**The problem**
When the line containing "Your answer should be very brief. 10.3." appears in the entries below, begin printing there and stop after the line containing "Your answer should be compact. 60.5."; print each of those lines exactly and no other line.

**Data shown**
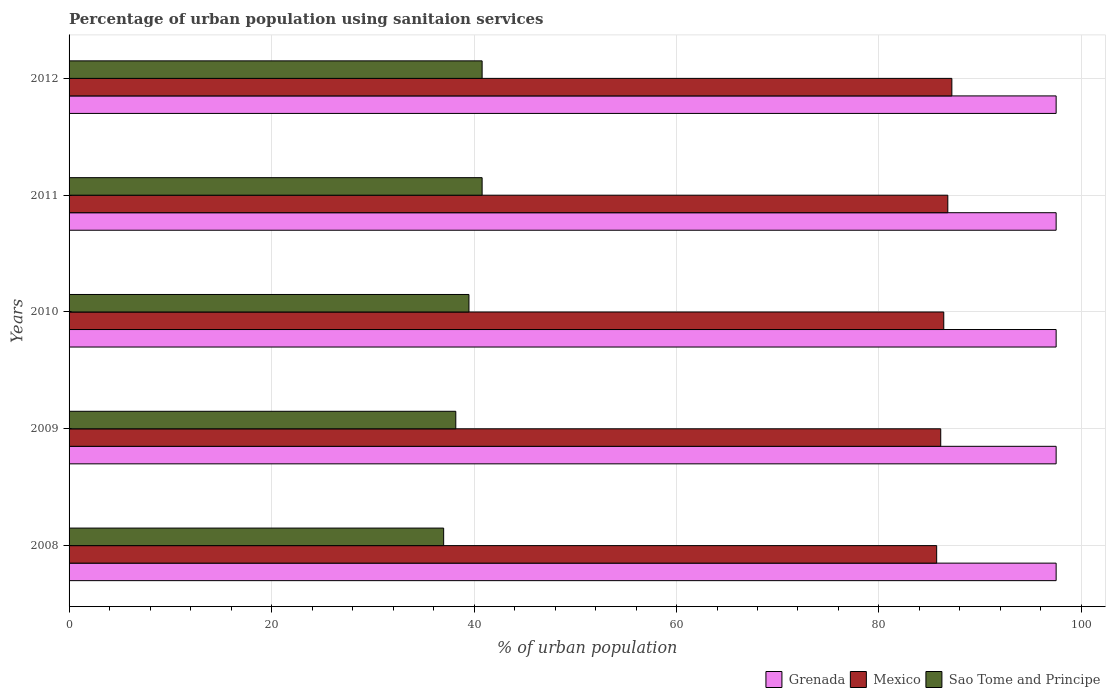How many groups of bars are there?
Your answer should be compact. 5. Are the number of bars on each tick of the Y-axis equal?
Make the answer very short. Yes. How many bars are there on the 1st tick from the top?
Provide a succinct answer. 3. What is the percentage of urban population using sanitaion services in Grenada in 2008?
Provide a short and direct response. 97.5. Across all years, what is the maximum percentage of urban population using sanitaion services in Sao Tome and Principe?
Your answer should be compact. 40.8. In which year was the percentage of urban population using sanitaion services in Sao Tome and Principe maximum?
Provide a short and direct response. 2011. In which year was the percentage of urban population using sanitaion services in Sao Tome and Principe minimum?
Provide a succinct answer. 2008. What is the total percentage of urban population using sanitaion services in Mexico in the graph?
Your answer should be compact. 432.2. What is the difference between the percentage of urban population using sanitaion services in Grenada in 2008 and that in 2011?
Give a very brief answer. 0. What is the difference between the percentage of urban population using sanitaion services in Sao Tome and Principe in 2010 and the percentage of urban population using sanitaion services in Grenada in 2011?
Keep it short and to the point. -58. What is the average percentage of urban population using sanitaion services in Grenada per year?
Keep it short and to the point. 97.5. In the year 2009, what is the difference between the percentage of urban population using sanitaion services in Sao Tome and Principe and percentage of urban population using sanitaion services in Mexico?
Offer a terse response. -47.9. What is the ratio of the percentage of urban population using sanitaion services in Sao Tome and Principe in 2008 to that in 2011?
Offer a terse response. 0.91. What is the difference between the highest and the lowest percentage of urban population using sanitaion services in Mexico?
Provide a succinct answer. 1.5. In how many years, is the percentage of urban population using sanitaion services in Mexico greater than the average percentage of urban population using sanitaion services in Mexico taken over all years?
Ensure brevity in your answer.  2. Is the sum of the percentage of urban population using sanitaion services in Mexico in 2009 and 2011 greater than the maximum percentage of urban population using sanitaion services in Grenada across all years?
Provide a short and direct response. Yes. What does the 1st bar from the top in 2010 represents?
Provide a succinct answer. Sao Tome and Principe. What does the 1st bar from the bottom in 2008 represents?
Offer a terse response. Grenada. Is it the case that in every year, the sum of the percentage of urban population using sanitaion services in Mexico and percentage of urban population using sanitaion services in Grenada is greater than the percentage of urban population using sanitaion services in Sao Tome and Principe?
Your response must be concise. Yes. How many bars are there?
Your response must be concise. 15. How many years are there in the graph?
Give a very brief answer. 5. Are the values on the major ticks of X-axis written in scientific E-notation?
Keep it short and to the point. No. Does the graph contain grids?
Make the answer very short. Yes. Where does the legend appear in the graph?
Give a very brief answer. Bottom right. How are the legend labels stacked?
Ensure brevity in your answer.  Horizontal. What is the title of the graph?
Provide a short and direct response. Percentage of urban population using sanitaion services. Does "Northern Mariana Islands" appear as one of the legend labels in the graph?
Provide a succinct answer. No. What is the label or title of the X-axis?
Offer a terse response. % of urban population. What is the label or title of the Y-axis?
Offer a terse response. Years. What is the % of urban population of Grenada in 2008?
Give a very brief answer. 97.5. What is the % of urban population of Mexico in 2008?
Offer a terse response. 85.7. What is the % of urban population in Grenada in 2009?
Your answer should be very brief. 97.5. What is the % of urban population in Mexico in 2009?
Your response must be concise. 86.1. What is the % of urban population of Sao Tome and Principe in 2009?
Offer a terse response. 38.2. What is the % of urban population of Grenada in 2010?
Provide a succinct answer. 97.5. What is the % of urban population in Mexico in 2010?
Provide a short and direct response. 86.4. What is the % of urban population of Sao Tome and Principe in 2010?
Offer a very short reply. 39.5. What is the % of urban population in Grenada in 2011?
Offer a very short reply. 97.5. What is the % of urban population in Mexico in 2011?
Make the answer very short. 86.8. What is the % of urban population in Sao Tome and Principe in 2011?
Provide a succinct answer. 40.8. What is the % of urban population of Grenada in 2012?
Your answer should be compact. 97.5. What is the % of urban population of Mexico in 2012?
Your answer should be very brief. 87.2. What is the % of urban population of Sao Tome and Principe in 2012?
Provide a short and direct response. 40.8. Across all years, what is the maximum % of urban population of Grenada?
Provide a succinct answer. 97.5. Across all years, what is the maximum % of urban population of Mexico?
Make the answer very short. 87.2. Across all years, what is the maximum % of urban population in Sao Tome and Principe?
Make the answer very short. 40.8. Across all years, what is the minimum % of urban population in Grenada?
Keep it short and to the point. 97.5. Across all years, what is the minimum % of urban population of Mexico?
Your answer should be very brief. 85.7. What is the total % of urban population of Grenada in the graph?
Give a very brief answer. 487.5. What is the total % of urban population of Mexico in the graph?
Make the answer very short. 432.2. What is the total % of urban population of Sao Tome and Principe in the graph?
Offer a very short reply. 196.3. What is the difference between the % of urban population in Grenada in 2008 and that in 2009?
Ensure brevity in your answer.  0. What is the difference between the % of urban population in Mexico in 2008 and that in 2009?
Offer a very short reply. -0.4. What is the difference between the % of urban population of Grenada in 2008 and that in 2010?
Offer a terse response. 0. What is the difference between the % of urban population in Grenada in 2008 and that in 2011?
Your answer should be very brief. 0. What is the difference between the % of urban population in Mexico in 2008 and that in 2012?
Keep it short and to the point. -1.5. What is the difference between the % of urban population in Sao Tome and Principe in 2008 and that in 2012?
Provide a short and direct response. -3.8. What is the difference between the % of urban population in Mexico in 2009 and that in 2010?
Keep it short and to the point. -0.3. What is the difference between the % of urban population in Sao Tome and Principe in 2009 and that in 2010?
Your response must be concise. -1.3. What is the difference between the % of urban population in Grenada in 2009 and that in 2011?
Your response must be concise. 0. What is the difference between the % of urban population of Mexico in 2009 and that in 2011?
Make the answer very short. -0.7. What is the difference between the % of urban population in Sao Tome and Principe in 2009 and that in 2011?
Your answer should be very brief. -2.6. What is the difference between the % of urban population in Sao Tome and Principe in 2009 and that in 2012?
Offer a terse response. -2.6. What is the difference between the % of urban population of Grenada in 2010 and that in 2011?
Your answer should be compact. 0. What is the difference between the % of urban population in Sao Tome and Principe in 2010 and that in 2011?
Your answer should be compact. -1.3. What is the difference between the % of urban population of Mexico in 2010 and that in 2012?
Your answer should be very brief. -0.8. What is the difference between the % of urban population of Sao Tome and Principe in 2010 and that in 2012?
Your answer should be compact. -1.3. What is the difference between the % of urban population in Sao Tome and Principe in 2011 and that in 2012?
Your answer should be compact. 0. What is the difference between the % of urban population in Grenada in 2008 and the % of urban population in Sao Tome and Principe in 2009?
Make the answer very short. 59.3. What is the difference between the % of urban population of Mexico in 2008 and the % of urban population of Sao Tome and Principe in 2009?
Your response must be concise. 47.5. What is the difference between the % of urban population of Mexico in 2008 and the % of urban population of Sao Tome and Principe in 2010?
Offer a very short reply. 46.2. What is the difference between the % of urban population in Grenada in 2008 and the % of urban population in Sao Tome and Principe in 2011?
Offer a very short reply. 56.7. What is the difference between the % of urban population in Mexico in 2008 and the % of urban population in Sao Tome and Principe in 2011?
Ensure brevity in your answer.  44.9. What is the difference between the % of urban population in Grenada in 2008 and the % of urban population in Sao Tome and Principe in 2012?
Make the answer very short. 56.7. What is the difference between the % of urban population of Mexico in 2008 and the % of urban population of Sao Tome and Principe in 2012?
Make the answer very short. 44.9. What is the difference between the % of urban population in Mexico in 2009 and the % of urban population in Sao Tome and Principe in 2010?
Provide a short and direct response. 46.6. What is the difference between the % of urban population of Grenada in 2009 and the % of urban population of Sao Tome and Principe in 2011?
Ensure brevity in your answer.  56.7. What is the difference between the % of urban population of Mexico in 2009 and the % of urban population of Sao Tome and Principe in 2011?
Provide a short and direct response. 45.3. What is the difference between the % of urban population of Grenada in 2009 and the % of urban population of Mexico in 2012?
Your response must be concise. 10.3. What is the difference between the % of urban population of Grenada in 2009 and the % of urban population of Sao Tome and Principe in 2012?
Keep it short and to the point. 56.7. What is the difference between the % of urban population in Mexico in 2009 and the % of urban population in Sao Tome and Principe in 2012?
Your answer should be compact. 45.3. What is the difference between the % of urban population of Grenada in 2010 and the % of urban population of Mexico in 2011?
Give a very brief answer. 10.7. What is the difference between the % of urban population of Grenada in 2010 and the % of urban population of Sao Tome and Principe in 2011?
Your answer should be compact. 56.7. What is the difference between the % of urban population in Mexico in 2010 and the % of urban population in Sao Tome and Principe in 2011?
Make the answer very short. 45.6. What is the difference between the % of urban population of Grenada in 2010 and the % of urban population of Mexico in 2012?
Give a very brief answer. 10.3. What is the difference between the % of urban population of Grenada in 2010 and the % of urban population of Sao Tome and Principe in 2012?
Provide a succinct answer. 56.7. What is the difference between the % of urban population in Mexico in 2010 and the % of urban population in Sao Tome and Principe in 2012?
Give a very brief answer. 45.6. What is the difference between the % of urban population in Grenada in 2011 and the % of urban population in Mexico in 2012?
Your answer should be very brief. 10.3. What is the difference between the % of urban population of Grenada in 2011 and the % of urban population of Sao Tome and Principe in 2012?
Your answer should be very brief. 56.7. What is the average % of urban population of Grenada per year?
Offer a very short reply. 97.5. What is the average % of urban population in Mexico per year?
Provide a succinct answer. 86.44. What is the average % of urban population in Sao Tome and Principe per year?
Ensure brevity in your answer.  39.26. In the year 2008, what is the difference between the % of urban population in Grenada and % of urban population in Sao Tome and Principe?
Your answer should be compact. 60.5. In the year 2008, what is the difference between the % of urban population in Mexico and % of urban population in Sao Tome and Principe?
Your answer should be very brief. 48.7. In the year 2009, what is the difference between the % of urban population of Grenada and % of urban population of Sao Tome and Principe?
Provide a short and direct response. 59.3. In the year 2009, what is the difference between the % of urban population of Mexico and % of urban population of Sao Tome and Principe?
Your response must be concise. 47.9. In the year 2010, what is the difference between the % of urban population in Grenada and % of urban population in Sao Tome and Principe?
Keep it short and to the point. 58. In the year 2010, what is the difference between the % of urban population in Mexico and % of urban population in Sao Tome and Principe?
Make the answer very short. 46.9. In the year 2011, what is the difference between the % of urban population in Grenada and % of urban population in Mexico?
Keep it short and to the point. 10.7. In the year 2011, what is the difference between the % of urban population in Grenada and % of urban population in Sao Tome and Principe?
Make the answer very short. 56.7. In the year 2011, what is the difference between the % of urban population in Mexico and % of urban population in Sao Tome and Principe?
Keep it short and to the point. 46. In the year 2012, what is the difference between the % of urban population of Grenada and % of urban population of Sao Tome and Principe?
Your answer should be very brief. 56.7. In the year 2012, what is the difference between the % of urban population of Mexico and % of urban population of Sao Tome and Principe?
Offer a very short reply. 46.4. What is the ratio of the % of urban population in Mexico in 2008 to that in 2009?
Ensure brevity in your answer.  1. What is the ratio of the % of urban population in Sao Tome and Principe in 2008 to that in 2009?
Give a very brief answer. 0.97. What is the ratio of the % of urban population in Sao Tome and Principe in 2008 to that in 2010?
Your answer should be compact. 0.94. What is the ratio of the % of urban population in Grenada in 2008 to that in 2011?
Your answer should be very brief. 1. What is the ratio of the % of urban population of Mexico in 2008 to that in 2011?
Offer a terse response. 0.99. What is the ratio of the % of urban population in Sao Tome and Principe in 2008 to that in 2011?
Your answer should be very brief. 0.91. What is the ratio of the % of urban population of Grenada in 2008 to that in 2012?
Offer a terse response. 1. What is the ratio of the % of urban population in Mexico in 2008 to that in 2012?
Give a very brief answer. 0.98. What is the ratio of the % of urban population in Sao Tome and Principe in 2008 to that in 2012?
Your response must be concise. 0.91. What is the ratio of the % of urban population of Grenada in 2009 to that in 2010?
Make the answer very short. 1. What is the ratio of the % of urban population in Sao Tome and Principe in 2009 to that in 2010?
Provide a succinct answer. 0.97. What is the ratio of the % of urban population in Grenada in 2009 to that in 2011?
Your answer should be very brief. 1. What is the ratio of the % of urban population in Mexico in 2009 to that in 2011?
Ensure brevity in your answer.  0.99. What is the ratio of the % of urban population of Sao Tome and Principe in 2009 to that in 2011?
Provide a short and direct response. 0.94. What is the ratio of the % of urban population of Grenada in 2009 to that in 2012?
Provide a short and direct response. 1. What is the ratio of the % of urban population of Mexico in 2009 to that in 2012?
Keep it short and to the point. 0.99. What is the ratio of the % of urban population in Sao Tome and Principe in 2009 to that in 2012?
Keep it short and to the point. 0.94. What is the ratio of the % of urban population in Mexico in 2010 to that in 2011?
Give a very brief answer. 1. What is the ratio of the % of urban population in Sao Tome and Principe in 2010 to that in 2011?
Give a very brief answer. 0.97. What is the ratio of the % of urban population in Grenada in 2010 to that in 2012?
Provide a short and direct response. 1. What is the ratio of the % of urban population in Mexico in 2010 to that in 2012?
Offer a very short reply. 0.99. What is the ratio of the % of urban population of Sao Tome and Principe in 2010 to that in 2012?
Offer a very short reply. 0.97. What is the ratio of the % of urban population of Mexico in 2011 to that in 2012?
Your response must be concise. 1. What is the difference between the highest and the second highest % of urban population of Grenada?
Give a very brief answer. 0. What is the difference between the highest and the second highest % of urban population in Mexico?
Your response must be concise. 0.4. What is the difference between the highest and the lowest % of urban population in Sao Tome and Principe?
Offer a terse response. 3.8.

**Answer to this problem**
Your answer should be very brief. 10.3. What is the difference between the % of urban population of Grenada in 2011 and the % of urban population of Sao Tome and Principe in 2012?
Your answer should be very brief. 56.7. What is the average % of urban population of Grenada per year?
Offer a very short reply. 97.5. What is the average % of urban population in Mexico per year?
Provide a succinct answer. 86.44. What is the average % of urban population in Sao Tome and Principe per year?
Ensure brevity in your answer.  39.26. In the year 2008, what is the difference between the % of urban population in Grenada and % of urban population in Sao Tome and Principe?
Your answer should be compact. 60.5. In the year 2008, what is the difference between the % of urban population in Mexico and % of urban population in Sao Tome and Principe?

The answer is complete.